Records excerpted from a collection
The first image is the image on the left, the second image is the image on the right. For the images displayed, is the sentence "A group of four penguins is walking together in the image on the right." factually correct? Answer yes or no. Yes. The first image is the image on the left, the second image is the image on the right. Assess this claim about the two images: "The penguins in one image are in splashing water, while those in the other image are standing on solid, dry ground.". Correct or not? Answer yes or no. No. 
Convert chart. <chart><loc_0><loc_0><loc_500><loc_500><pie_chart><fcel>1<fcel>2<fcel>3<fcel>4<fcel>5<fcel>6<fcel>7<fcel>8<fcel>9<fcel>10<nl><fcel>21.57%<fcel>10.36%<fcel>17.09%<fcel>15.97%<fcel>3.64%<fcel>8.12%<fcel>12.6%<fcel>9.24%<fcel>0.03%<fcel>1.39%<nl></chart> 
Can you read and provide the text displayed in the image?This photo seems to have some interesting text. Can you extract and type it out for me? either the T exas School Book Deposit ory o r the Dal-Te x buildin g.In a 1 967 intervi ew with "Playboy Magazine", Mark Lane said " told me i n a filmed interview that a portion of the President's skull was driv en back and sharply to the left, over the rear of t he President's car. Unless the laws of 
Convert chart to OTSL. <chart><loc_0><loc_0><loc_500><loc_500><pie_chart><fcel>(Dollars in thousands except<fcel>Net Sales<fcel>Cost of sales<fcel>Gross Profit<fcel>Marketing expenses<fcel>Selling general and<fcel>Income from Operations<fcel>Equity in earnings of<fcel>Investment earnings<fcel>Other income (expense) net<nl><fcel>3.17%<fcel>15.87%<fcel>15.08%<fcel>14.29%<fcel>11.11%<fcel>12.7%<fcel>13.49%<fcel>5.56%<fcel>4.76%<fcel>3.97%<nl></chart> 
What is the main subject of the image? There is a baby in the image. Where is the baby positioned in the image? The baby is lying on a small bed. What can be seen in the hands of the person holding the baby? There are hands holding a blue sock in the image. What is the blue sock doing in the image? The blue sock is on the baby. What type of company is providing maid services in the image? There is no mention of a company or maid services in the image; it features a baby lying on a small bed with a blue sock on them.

# What is being asked
Would you please reproduce the entries above word for word?

# Expected output
The first image is the image on the left, the second image is the image on the right. For the images displayed, is the sentence "A group of four penguins is walking together in the image on the right." factually correct? Answer yes or no. Yes. The first image is the image on the left, the second image is the image on the right. Assess this claim about the two images: "The penguins in one image are in splashing water, while those in the other image are standing on solid, dry ground.". Correct or not? Answer yes or no. No. 
Convert chart. <chart><loc_0><loc_0><loc_500><loc_500><pie_chart><fcel>1<fcel>2<fcel>3<fcel>4<fcel>5<fcel>6<fcel>7<fcel>8<fcel>9<fcel>10<nl><fcel>21.57%<fcel>10.36%<fcel>17.09%<fcel>15.97%<fcel>3.64%<fcel>8.12%<fcel>12.6%<fcel>9.24%<fcel>0.03%<fcel>1.39%<nl></chart> 
Can you read and provide the text displayed in the image?This photo seems to have some interesting text. Can you extract and type it out for me? either the T exas School Book Deposit ory o r the Dal-Te x buildin g.In a 1 967 intervi ew with "Playboy Magazine", Mark Lane said " told me i n a filmed interview that a portion of the President's skull was driv en back and sharply to the left, over the rear of t he President's car. Unless the laws of 
Convert chart to OTSL. <chart><loc_0><loc_0><loc_500><loc_500><pie_chart><fcel>(Dollars in thousands except<fcel>Net Sales<fcel>Cost of sales<fcel>Gross Profit<fcel>Marketing expenses<fcel>Selling general and<fcel>Income from Operations<fcel>Equity in earnings of<fcel>Investment earnings<fcel>Other income (expense) net<nl><fcel>3.17%<fcel>15.87%<fcel>15.08%<fcel>14.29%<fcel>11.11%<fcel>12.7%<fcel>13.49%<fcel>5.56%<fcel>4.76%<fcel>3.97%<nl></chart> 
What is the main subject of the image? There is a baby in the image. Where is the baby positioned in the image? The baby is lying on a small bed. What can be seen in the hands of the person holding the baby? There are hands holding a blue sock in the image. What is the blue sock doing in the image? The blue sock is on the baby. What type of company is providing maid services in the image? There is no mention of a company or maid services in the image; it features a baby lying on a small bed with a blue sock on them.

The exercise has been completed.